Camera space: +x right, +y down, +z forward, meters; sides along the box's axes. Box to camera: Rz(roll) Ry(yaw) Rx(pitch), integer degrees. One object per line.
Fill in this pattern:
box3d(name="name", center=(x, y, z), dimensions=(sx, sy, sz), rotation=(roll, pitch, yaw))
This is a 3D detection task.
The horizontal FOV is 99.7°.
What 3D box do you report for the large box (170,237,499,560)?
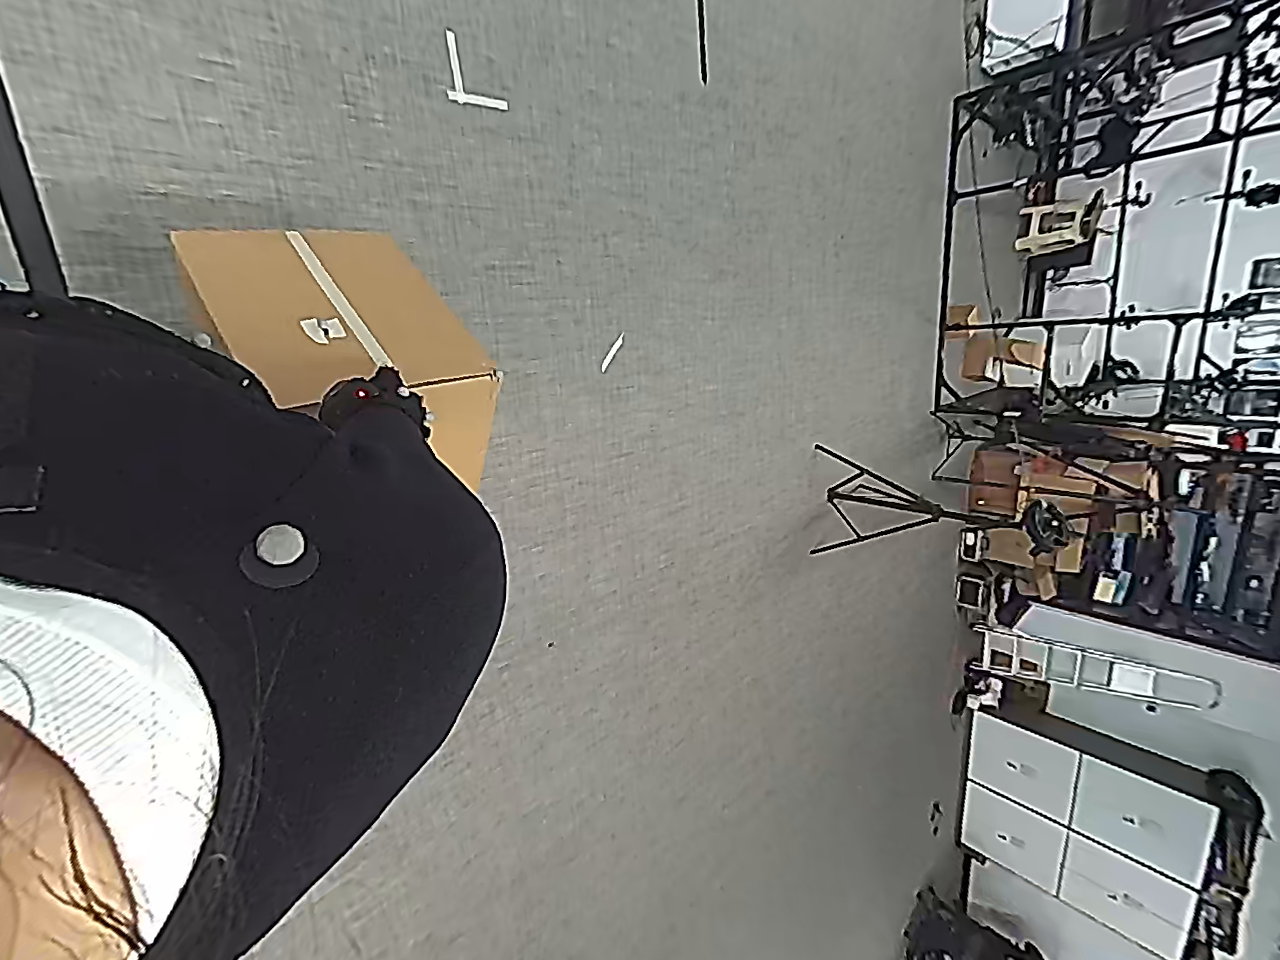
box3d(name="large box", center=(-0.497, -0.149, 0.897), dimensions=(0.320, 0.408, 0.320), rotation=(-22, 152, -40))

==*==

● About this exercise
Could you set down the records above word for word, without any of the pictures?

● Solution to this problem
Camera space: +x right, +y down, +z forward, meters; sides along the box's axes. Box to camera: Rz(roll) Ry(yaw) Rx(pitch), integer degrees. One object per line.
Fill in this pattern:
box3d(name="name", center=(x, y, z), dimensions=(sx, sy, sz), rotation=(roll, pitch, yaw))
This is a 3D detection task.
The horizontal FOV is 99.7°.
What 3D box do you report for the large box (170,237,499,560)?
box3d(name="large box", center=(-0.497, -0.149, 0.897), dimensions=(0.320, 0.408, 0.320), rotation=(-22, 152, -40))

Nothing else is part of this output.